A tube furnace is an electric heating device used to conduct syntheses and purifications of inorganic compounds and occasionally in organic synthesis. One possible design consists of a cylindrical cavity surrounded by heating coils that are embedded in a thermally insulating matrix. Temperature can be controlled via feedback from a thermocouple. More elaborate tube furnaces have two (or more) heating zones useful for transport experiments. Some digital temperature controllers provide an RS-232 interface, and permit the operator to program segments for uses like ramping, soaking, sintering, and more. Advanced materials in the heating elements, such as molybdenum disilicide (MoSi_{2}) offered in certain models can now produce working temperatures up to 1800 °C. This facilitates more sophisticated applications. Common material for the reaction tubes include alumina, Pyrex, and fused quartz, or in the case of corrosive materials molybdenum or tungsten tubes can be used.

The tube furnace was invented in the first decade of the 20th century and was originally used to manufacture ceramic filaments for Nernst lamps and glowers.

== Controlled -atmosphere operation ==
Tube furnaces are commonly configured for controlled-atmosphere operation, in which the composition of gases surrounding the heated sample is regulated during high-temperature experiments. This configuration allows researchers to control parameters such as oxygen partial pressure (pO₂), total pressure, and gas composition, enabling studies of oxidation, reduction, volatilization, and other high-temperature chemical reactions.

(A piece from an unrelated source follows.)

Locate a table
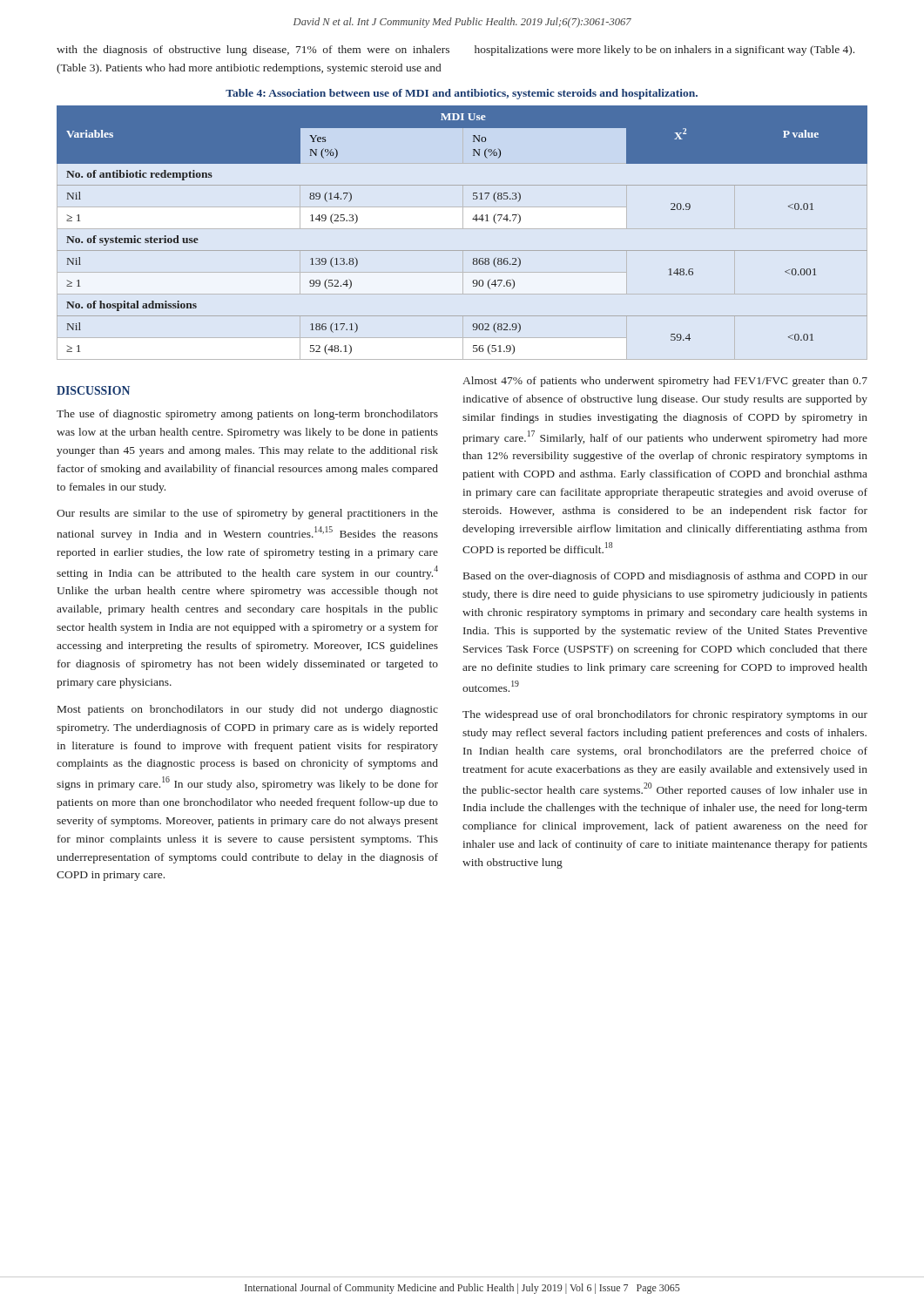This screenshot has width=924, height=1307. (462, 233)

In controlled-atmosphere systems, the furnace tube (typically made from quartz, alumina, or mullite) is sealed at both ends with gas-tight end caps equipped with gas inlet and outlet ports. Process gases are introduced through these ports and flow through the heated region containing the sample. The gas environment may be inert (e.g., argon or nitrogen), oxidizing (e.g., air or oxygen mixtures), or reducing (e.g., hydrogen-containing mixtures), depending on the experimental objective.

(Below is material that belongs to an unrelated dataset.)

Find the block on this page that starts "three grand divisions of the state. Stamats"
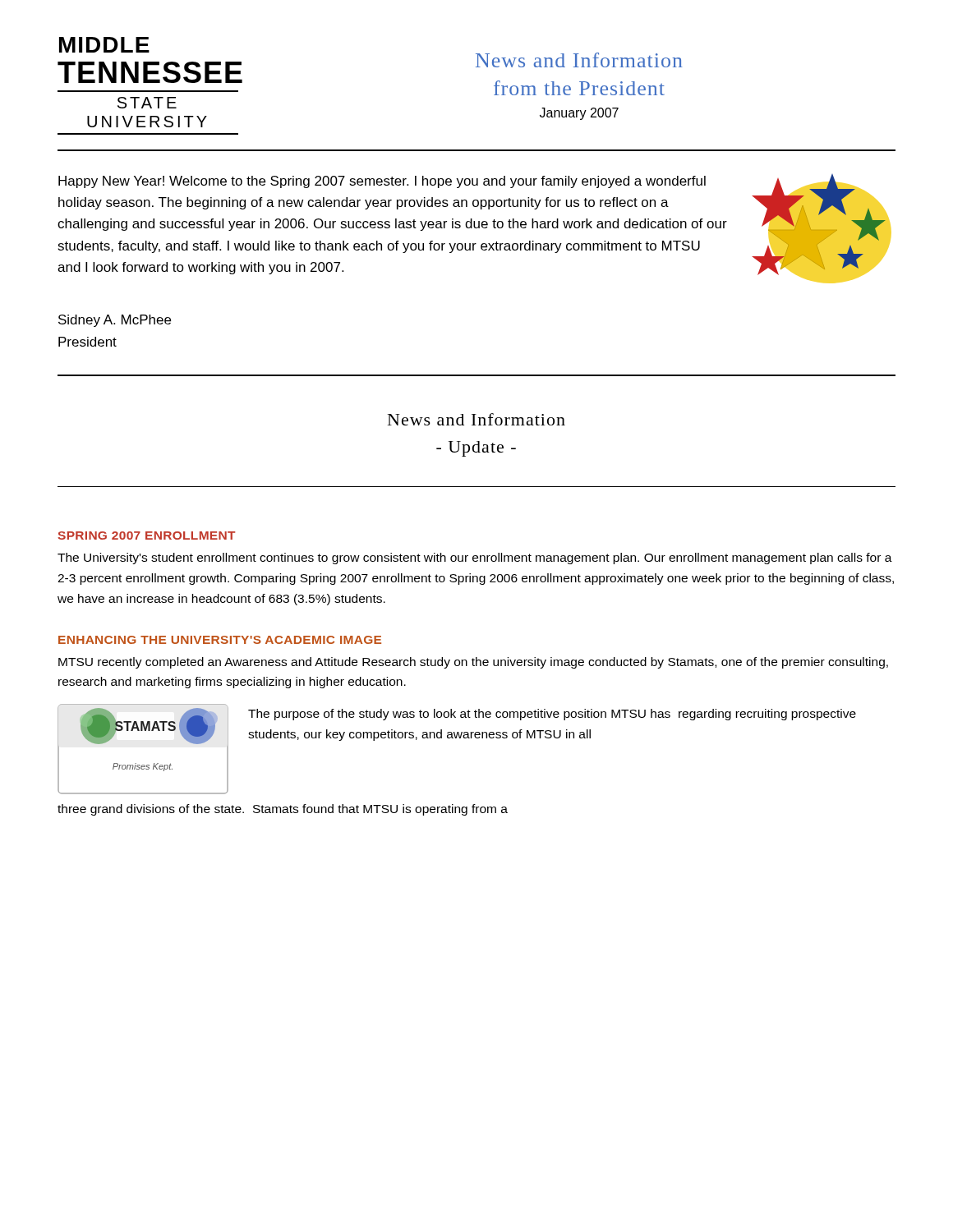This screenshot has height=1232, width=953. [283, 809]

Gas composition is commonly regulated using mass flow controllers (MFCs) connected to compressed gas cylinders. By adjusting the relative flow rates of different gases, users can establish specific gas mixtures and control the oxygen partial pressure within the furnace tube. For experiments requiring very low oxygen levels, the furnace tube may first be evacuated using a vacuum pump and then backfilled with inert gas to remove residual air.

Controlled-atmosphere tube furnaces are widely used in materials science, metallurgy, ceramics processing, and semiconductor research. Typical applications include oxidation studies of high-temperature materials, annealing under inert atmospheres, reduction reactions, sintering of ceramics, and chemical vapor deposition experiments.

==Illustrative applications==
An example of a material prepared using a tube furnace is the superconductor YBa_{2}Cu_{3}O_{7}. A mixture of finely powdered CuO, BaO, and Y_{2}O_{3}, in the appropriate molar ratio, contained in a platinum or alumina "boat," is heated in a tube furnace at several hundred degrees under flowing oxygen. Similarly tantalum disulfide is prepared in a tube furnace followed by purification, also in a tube furnace using the technique of chemical vapor transport. Because of the availability of tube furnaces, chemical vapor transport has become a popular technique not only in industry (see van Arkel–de Boer process) but also in the research laboratory.

Tube furnaces can also be used for thermolysis reactions, involving either organic or inorganic reactants. One such example is the preparation of ketenes which may employ a tube furnace in the 'ketene lamp'. Flash vacuum pyrolysis often utilize a fused quartz tube, usually packed with quartz or ceramic beads, which is heated at high temperatures.